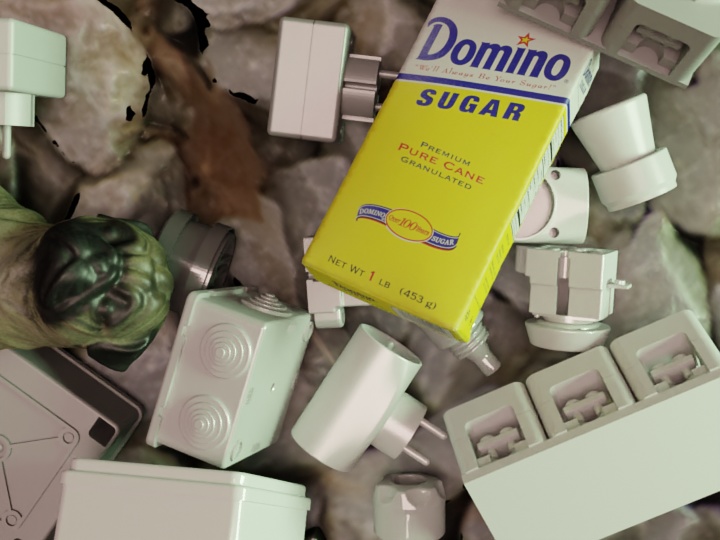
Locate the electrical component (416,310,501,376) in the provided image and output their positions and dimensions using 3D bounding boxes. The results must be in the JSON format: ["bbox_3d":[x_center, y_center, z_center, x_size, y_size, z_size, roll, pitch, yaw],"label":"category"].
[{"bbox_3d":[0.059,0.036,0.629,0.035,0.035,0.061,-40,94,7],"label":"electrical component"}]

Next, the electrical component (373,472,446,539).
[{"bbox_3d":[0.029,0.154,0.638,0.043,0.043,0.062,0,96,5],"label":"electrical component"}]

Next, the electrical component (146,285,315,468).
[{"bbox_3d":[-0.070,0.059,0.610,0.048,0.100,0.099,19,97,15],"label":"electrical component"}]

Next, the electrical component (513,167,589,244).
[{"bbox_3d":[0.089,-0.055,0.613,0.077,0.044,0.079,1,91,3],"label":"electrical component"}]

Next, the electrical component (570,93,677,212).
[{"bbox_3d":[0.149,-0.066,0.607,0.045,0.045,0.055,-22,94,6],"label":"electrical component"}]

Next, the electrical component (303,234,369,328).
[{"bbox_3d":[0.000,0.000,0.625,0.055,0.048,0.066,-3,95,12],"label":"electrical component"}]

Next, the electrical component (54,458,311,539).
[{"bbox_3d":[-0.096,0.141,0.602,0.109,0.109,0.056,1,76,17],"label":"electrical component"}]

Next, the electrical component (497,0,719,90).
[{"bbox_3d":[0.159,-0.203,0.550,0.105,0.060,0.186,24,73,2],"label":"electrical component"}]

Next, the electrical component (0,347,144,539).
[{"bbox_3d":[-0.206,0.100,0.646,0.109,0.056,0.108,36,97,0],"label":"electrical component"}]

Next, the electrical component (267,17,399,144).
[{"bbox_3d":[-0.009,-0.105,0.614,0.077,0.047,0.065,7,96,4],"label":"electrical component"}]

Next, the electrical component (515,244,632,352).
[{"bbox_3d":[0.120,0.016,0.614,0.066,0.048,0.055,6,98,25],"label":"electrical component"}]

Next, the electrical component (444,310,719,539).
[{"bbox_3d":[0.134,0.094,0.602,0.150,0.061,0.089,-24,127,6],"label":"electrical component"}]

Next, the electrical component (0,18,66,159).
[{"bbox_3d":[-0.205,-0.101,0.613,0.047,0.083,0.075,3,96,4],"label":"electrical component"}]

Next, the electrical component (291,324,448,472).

• • •

* Assignment *
Look above for the line containing "Next, the electrical component (146,285,315,468).". From there to the final line of the entries, repeat every line exactly.

* Output for this exercise *
Next, the electrical component (146,285,315,468).
[{"bbox_3d":[-0.070,0.059,0.610,0.048,0.100,0.099,19,97,15],"label":"electrical component"}]

Next, the electrical component (513,167,589,244).
[{"bbox_3d":[0.089,-0.055,0.613,0.077,0.044,0.079,1,91,3],"label":"electrical component"}]

Next, the electrical component (570,93,677,212).
[{"bbox_3d":[0.149,-0.066,0.607,0.045,0.045,0.055,-22,94,6],"label":"electrical component"}]

Next, the electrical component (303,234,369,328).
[{"bbox_3d":[0.000,0.000,0.625,0.055,0.048,0.066,-3,95,12],"label":"electrical component"}]

Next, the electrical component (54,458,311,539).
[{"bbox_3d":[-0.096,0.141,0.602,0.109,0.109,0.056,1,76,17],"label":"electrical component"}]

Next, the electrical component (497,0,719,90).
[{"bbox_3d":[0.159,-0.203,0.550,0.105,0.060,0.186,24,73,2],"label":"electrical component"}]

Next, the electrical component (0,347,144,539).
[{"bbox_3d":[-0.206,0.100,0.646,0.109,0.056,0.108,36,97,0],"label":"electrical component"}]

Next, the electrical component (267,17,399,144).
[{"bbox_3d":[-0.009,-0.105,0.614,0.077,0.047,0.065,7,96,4],"label":"electrical component"}]

Next, the electrical component (515,244,632,352).
[{"bbox_3d":[0.120,0.016,0.614,0.066,0.048,0.055,6,98,25],"label":"electrical component"}]

Next, the electrical component (444,310,719,539).
[{"bbox_3d":[0.134,0.094,0.602,0.150,0.061,0.089,-24,127,6],"label":"electrical component"}]

Next, the electrical component (0,18,66,159).
[{"bbox_3d":[-0.205,-0.101,0.613,0.047,0.083,0.075,3,96,4],"label":"electrical component"}]

Next, the electrical component (291,324,448,472).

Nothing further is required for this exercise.